Your spreadsheet should be easy to audit

  1. One major downside of spreadsheets as compared to most coding languages, is that it’s often easy for relatively simple spreadsheets to contain silent bugs in them.[2]

  2. Some features of spreadsheets that contribute to this problem:

    1. Spreadsheets hide the code and show you only the output by default.

      1. When you use formulas, once you hit enter, the user doesn’t by default get to read what’s going on. So if the output looks plausible, you might not notice your formula has a bug in it.

    2. It’s harder to break up your work into chunks.

      1. When you’re coding, most people will break up a complicated formula into several lines of code, using intermediate variables and comments to make things more readable. E.g.:

      2. By default, some Sheets formulas get really unwieldy, and you need to work a bit harder to recover readability.

    3. Spreadsheets contain more individual calculations.

      1. When you’re coding and you want to perform the same calculation on 100 rows of data, you’d probably use a single line of code to iterate over your data (e.g. a for loop).

      2. In Google Sheets, you’re more likely to drag your formula down across all of your rows. But this means that if you accidentally change the formula for one cell and not the others, or if your data has now changed and it turns out you need to drag your formulas down more, things can break in annoying ways.

  3. Because of this, I consider auditability one of the key qualities of a well designed spreadsheet. Some of the tools below will recover coding best practices.

  4. I also consider principles (2)-(3) above pretty related to principle (4).

Your spreadsheet should be hard to break

  1. Not all spreadsheets are meant as living documents; sometimes you’ll create a spreadsheet to conduct a specific analysis and then discard it.

  2. But sometimes, you’ll use a spreadsheet as a management tool to keep track of a bunch of moving pieces. In this case, you might care that your system isn’t going to break after a few weeks of use.[3]


Much more in the companion piece!

  1. ^

    I’m using the term ‘Google Sheets’ in this doc, but almost all of the tricks mentioned here work for Excel as well.

  2. ^

    My favorite Excel bug story: I used to work in litigation consulting, where I’d sometimes audit spreadsheets sent to us from the opposing side of a legal case.

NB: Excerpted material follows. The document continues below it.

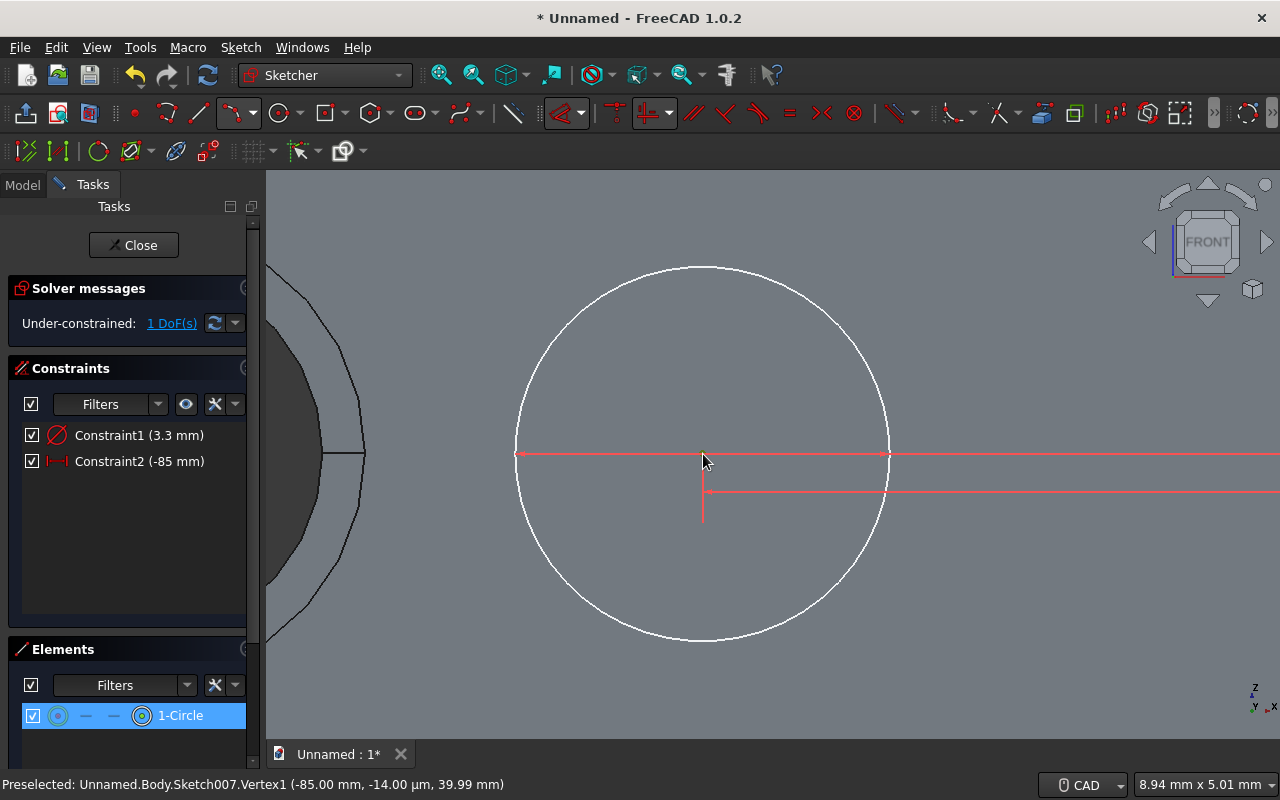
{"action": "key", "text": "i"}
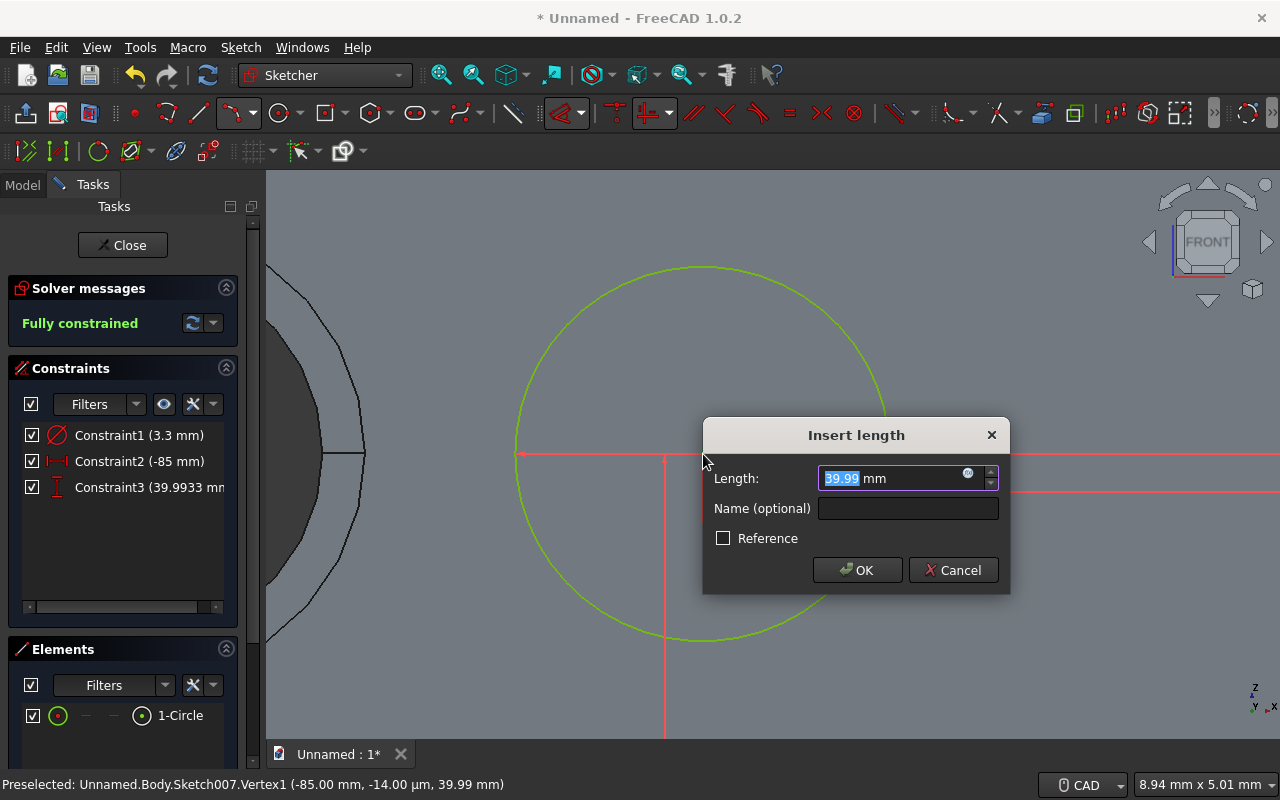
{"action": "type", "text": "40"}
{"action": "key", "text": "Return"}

    In one case, an expert witness for the opposing side sent over a spreadsheet with columns similar to the following: year, online sales, in-person sales, total sales. The expert was saying that total sales had almost doubled from ~3,000 → ~5,000 for this particular product in 2019.

    We eventually discovered that for the 2019 row, the expert had entered the formula =sum(A4:C4) instead of sum(B4:C4), and so had accidentally added the value ‘2019’ to the total sum. Here’s a recreation. (I’ve obfuscated the details a bit here but the core mistake was the same.)

  3. ^

    As an aside, spreadsheets have a lot of use cases, which makes giving generalizable advice a bit trickier. For instance, some common use cases for spreadsheets:

    - A database which you query whenever needed;

    - A data visualization tool meant to present some interesting findings from existing data;

    - A management tracker that you use to schedule emails and keep tabs on your tasks;

    - To model some interesting phenomenon and keep track of your assumptions

    Depending on what you’re using a spreadsheet for, you might prioritize some of these principles more or less highly. For instance, making something easy to read is probably more valuable when you’re creating a data visualization versus a database.

    Of course, lots of spreadsheets combine lots of different use cases — e.g. you might have one tab with your source of truth data, and another for random analytics.